By The Greater Astoria Historical Society
For more than 30 years, Queens native Michael Landon entertained American television audiences with family-friendly shows such as “Bonanza,” “Little House on the Prairie” and “Highway to Heaven.”
Born Eugene Maurice Orowitz in Forest Hills in 1936, he was the child of a mixed marriage with a Jewish father and Irish Catholic mother. His parents moved to New Jersey in 1941 and raised him and his older sister Evelyn as Jewish.
He was bar mitzvahed at the Conservative Temple Beth Sholom in Hadden Heights, a neighborhood that had barred Jews until after World War II. It was this sense of being different and an outsider that inspired his creativity and pushed him to be an athlete in his youth and, later as an adult, a writer and director. Themes of tolerance, both racial and religious, would be central to his later writing for television.

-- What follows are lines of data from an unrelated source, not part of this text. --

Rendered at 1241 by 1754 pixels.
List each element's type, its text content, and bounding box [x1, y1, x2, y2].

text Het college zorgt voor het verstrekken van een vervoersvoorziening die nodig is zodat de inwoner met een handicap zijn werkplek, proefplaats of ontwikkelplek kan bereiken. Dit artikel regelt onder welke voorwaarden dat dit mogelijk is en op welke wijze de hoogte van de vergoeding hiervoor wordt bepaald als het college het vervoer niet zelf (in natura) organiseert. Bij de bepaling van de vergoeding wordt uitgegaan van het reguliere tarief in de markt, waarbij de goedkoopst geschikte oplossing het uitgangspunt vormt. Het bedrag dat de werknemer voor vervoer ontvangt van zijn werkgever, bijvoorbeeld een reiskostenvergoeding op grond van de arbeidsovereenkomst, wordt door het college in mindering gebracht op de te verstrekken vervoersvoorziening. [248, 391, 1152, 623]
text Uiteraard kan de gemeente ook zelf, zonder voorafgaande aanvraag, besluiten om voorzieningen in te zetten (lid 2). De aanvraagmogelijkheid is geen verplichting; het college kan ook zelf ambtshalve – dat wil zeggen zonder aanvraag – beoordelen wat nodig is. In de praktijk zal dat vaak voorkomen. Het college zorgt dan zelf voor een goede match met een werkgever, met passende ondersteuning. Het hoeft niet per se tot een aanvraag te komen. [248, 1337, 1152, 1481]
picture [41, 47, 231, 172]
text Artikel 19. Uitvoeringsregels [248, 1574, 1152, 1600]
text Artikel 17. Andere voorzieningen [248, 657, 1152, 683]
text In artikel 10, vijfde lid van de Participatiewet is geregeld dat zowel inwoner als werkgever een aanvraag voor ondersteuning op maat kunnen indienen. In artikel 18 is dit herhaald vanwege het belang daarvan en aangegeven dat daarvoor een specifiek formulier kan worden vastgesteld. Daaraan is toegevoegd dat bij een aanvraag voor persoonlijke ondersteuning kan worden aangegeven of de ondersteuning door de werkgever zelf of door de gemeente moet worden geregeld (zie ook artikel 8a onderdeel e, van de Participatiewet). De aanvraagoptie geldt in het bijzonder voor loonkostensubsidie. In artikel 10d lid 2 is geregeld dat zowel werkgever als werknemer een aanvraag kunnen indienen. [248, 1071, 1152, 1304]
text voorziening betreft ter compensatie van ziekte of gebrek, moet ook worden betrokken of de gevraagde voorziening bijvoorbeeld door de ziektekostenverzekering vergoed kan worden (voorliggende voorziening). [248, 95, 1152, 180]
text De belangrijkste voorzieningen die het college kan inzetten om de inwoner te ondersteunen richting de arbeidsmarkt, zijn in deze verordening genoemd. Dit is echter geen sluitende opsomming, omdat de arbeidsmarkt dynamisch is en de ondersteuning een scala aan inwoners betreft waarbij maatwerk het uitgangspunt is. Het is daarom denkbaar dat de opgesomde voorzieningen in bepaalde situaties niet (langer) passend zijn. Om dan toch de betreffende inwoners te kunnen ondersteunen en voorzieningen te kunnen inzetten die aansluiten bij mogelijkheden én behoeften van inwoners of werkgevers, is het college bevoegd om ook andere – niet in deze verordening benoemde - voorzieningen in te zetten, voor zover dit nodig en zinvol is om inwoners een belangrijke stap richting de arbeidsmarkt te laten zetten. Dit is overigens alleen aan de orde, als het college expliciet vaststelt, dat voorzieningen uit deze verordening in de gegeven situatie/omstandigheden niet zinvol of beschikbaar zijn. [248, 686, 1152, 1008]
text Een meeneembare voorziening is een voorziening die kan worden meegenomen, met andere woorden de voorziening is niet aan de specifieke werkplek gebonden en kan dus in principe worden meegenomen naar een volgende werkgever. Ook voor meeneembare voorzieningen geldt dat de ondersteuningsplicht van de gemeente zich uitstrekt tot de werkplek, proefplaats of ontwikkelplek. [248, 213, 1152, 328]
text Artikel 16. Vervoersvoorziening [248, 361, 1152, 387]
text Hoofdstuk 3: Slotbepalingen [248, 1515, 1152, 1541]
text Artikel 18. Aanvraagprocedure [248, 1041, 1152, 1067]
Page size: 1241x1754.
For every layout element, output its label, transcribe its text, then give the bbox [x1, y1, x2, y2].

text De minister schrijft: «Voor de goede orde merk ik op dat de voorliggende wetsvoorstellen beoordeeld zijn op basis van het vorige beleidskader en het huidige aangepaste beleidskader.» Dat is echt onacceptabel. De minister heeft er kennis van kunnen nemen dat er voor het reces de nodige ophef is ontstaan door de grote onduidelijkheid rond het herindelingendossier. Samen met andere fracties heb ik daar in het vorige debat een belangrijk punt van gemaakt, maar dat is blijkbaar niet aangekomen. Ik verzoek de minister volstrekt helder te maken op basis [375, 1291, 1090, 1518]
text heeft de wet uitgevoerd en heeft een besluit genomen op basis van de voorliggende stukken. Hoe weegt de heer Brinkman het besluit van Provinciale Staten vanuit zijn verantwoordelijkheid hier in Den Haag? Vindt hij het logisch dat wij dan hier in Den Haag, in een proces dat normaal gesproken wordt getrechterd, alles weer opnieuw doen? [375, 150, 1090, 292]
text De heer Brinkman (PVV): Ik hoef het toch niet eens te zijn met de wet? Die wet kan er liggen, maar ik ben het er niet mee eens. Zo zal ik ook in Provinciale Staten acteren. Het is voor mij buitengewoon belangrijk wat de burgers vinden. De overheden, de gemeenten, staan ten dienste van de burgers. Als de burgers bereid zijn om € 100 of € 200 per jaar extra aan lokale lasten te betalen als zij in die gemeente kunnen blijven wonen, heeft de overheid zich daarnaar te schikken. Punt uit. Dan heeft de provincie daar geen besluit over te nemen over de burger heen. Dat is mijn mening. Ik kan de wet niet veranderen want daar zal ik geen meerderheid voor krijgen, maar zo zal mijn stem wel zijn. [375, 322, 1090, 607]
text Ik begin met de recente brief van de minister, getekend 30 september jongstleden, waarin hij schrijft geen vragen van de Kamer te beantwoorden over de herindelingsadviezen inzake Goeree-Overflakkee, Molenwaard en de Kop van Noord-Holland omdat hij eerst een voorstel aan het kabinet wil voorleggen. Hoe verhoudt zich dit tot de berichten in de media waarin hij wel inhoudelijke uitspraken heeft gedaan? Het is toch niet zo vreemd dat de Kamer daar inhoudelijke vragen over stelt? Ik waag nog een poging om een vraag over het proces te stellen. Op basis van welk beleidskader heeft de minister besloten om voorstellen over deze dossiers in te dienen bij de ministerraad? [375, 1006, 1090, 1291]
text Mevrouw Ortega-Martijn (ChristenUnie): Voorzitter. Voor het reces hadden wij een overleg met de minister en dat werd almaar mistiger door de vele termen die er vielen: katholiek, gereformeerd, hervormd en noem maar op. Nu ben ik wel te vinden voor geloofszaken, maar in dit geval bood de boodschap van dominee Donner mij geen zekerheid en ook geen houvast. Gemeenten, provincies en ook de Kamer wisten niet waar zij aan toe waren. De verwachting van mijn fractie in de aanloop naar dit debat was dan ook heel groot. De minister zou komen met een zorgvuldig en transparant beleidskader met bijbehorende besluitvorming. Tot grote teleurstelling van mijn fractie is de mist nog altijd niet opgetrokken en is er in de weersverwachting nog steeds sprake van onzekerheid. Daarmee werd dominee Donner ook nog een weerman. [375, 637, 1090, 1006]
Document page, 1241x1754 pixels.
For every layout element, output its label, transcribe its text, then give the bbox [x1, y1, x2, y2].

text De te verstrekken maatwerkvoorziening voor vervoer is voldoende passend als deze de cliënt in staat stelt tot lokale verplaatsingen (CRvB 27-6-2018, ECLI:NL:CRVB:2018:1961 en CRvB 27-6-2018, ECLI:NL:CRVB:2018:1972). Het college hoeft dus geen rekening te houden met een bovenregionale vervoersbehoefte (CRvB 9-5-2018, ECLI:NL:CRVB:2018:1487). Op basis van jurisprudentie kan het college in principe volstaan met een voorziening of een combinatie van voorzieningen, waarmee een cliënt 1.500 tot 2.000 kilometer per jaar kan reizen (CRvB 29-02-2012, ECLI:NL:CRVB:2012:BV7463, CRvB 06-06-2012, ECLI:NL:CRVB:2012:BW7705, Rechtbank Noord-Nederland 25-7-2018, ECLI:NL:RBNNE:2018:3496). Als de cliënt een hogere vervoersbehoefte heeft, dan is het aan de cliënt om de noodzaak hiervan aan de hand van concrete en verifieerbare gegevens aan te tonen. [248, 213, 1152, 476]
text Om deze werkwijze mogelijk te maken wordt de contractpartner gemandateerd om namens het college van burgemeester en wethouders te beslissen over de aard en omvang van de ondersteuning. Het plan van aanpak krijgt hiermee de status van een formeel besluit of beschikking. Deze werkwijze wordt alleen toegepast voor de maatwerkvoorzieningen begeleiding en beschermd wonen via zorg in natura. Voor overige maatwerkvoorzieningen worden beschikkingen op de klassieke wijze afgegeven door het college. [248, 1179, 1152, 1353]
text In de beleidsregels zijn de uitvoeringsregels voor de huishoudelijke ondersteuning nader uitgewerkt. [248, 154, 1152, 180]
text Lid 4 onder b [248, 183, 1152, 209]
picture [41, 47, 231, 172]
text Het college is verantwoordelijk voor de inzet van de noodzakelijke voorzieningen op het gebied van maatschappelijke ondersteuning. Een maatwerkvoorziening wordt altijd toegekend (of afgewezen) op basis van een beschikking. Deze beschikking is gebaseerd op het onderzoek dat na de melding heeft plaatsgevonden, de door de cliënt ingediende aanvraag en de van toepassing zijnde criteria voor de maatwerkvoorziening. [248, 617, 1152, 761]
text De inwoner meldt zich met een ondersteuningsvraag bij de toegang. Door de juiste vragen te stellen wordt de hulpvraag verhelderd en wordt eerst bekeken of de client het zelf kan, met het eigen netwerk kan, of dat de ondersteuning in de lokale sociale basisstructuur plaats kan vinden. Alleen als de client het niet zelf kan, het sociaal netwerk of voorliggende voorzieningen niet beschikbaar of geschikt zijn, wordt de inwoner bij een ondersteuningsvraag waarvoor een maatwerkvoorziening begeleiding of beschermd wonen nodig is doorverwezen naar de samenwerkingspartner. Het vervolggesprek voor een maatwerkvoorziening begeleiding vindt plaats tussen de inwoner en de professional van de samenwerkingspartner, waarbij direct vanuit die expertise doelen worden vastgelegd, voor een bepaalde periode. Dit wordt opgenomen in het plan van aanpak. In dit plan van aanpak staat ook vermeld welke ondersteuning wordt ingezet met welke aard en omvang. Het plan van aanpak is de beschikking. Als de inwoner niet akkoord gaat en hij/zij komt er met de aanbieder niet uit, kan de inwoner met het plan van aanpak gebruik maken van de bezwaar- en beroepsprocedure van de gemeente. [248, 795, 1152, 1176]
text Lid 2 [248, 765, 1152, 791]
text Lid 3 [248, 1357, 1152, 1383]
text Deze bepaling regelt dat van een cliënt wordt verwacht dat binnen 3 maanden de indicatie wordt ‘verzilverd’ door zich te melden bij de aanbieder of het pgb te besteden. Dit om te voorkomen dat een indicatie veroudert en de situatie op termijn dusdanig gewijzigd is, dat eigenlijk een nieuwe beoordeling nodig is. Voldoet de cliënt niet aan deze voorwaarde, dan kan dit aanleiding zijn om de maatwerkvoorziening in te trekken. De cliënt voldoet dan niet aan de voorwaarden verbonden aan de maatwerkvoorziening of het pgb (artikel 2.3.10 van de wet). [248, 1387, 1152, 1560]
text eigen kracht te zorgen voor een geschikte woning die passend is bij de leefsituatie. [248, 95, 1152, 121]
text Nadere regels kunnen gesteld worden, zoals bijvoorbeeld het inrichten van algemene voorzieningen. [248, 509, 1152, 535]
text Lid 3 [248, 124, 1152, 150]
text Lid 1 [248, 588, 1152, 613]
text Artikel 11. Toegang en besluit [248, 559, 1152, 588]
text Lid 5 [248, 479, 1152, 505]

Landon was a star javelin thrower at Collingswood High School, throwing a U.S. high school record of 133 feet 4 inches in 1954, earning him an athletic scholarship to the University of Southern California.
A career-ending shoulder injury led him to turn to acting. Choosing the name “Michael Landon” randomly out of the phone book, a persona was born. Early on, Landon achieved some measure of success in film with lightweight fare such as “I Was a Teenage Werewolf” (1957) and “High School Confidential” (1958), and even a role in the controversial “God’s Little Acre” (1958).
But it was the Western genre that would lead to Landon’s stardom with the supporting role of Little Joe Cartwright in “Bonanza” in 1959. By 1961, Bonanza was the No. 1 show on American television, completing 14 seasons and more than 430 episodes. It ran till 1973.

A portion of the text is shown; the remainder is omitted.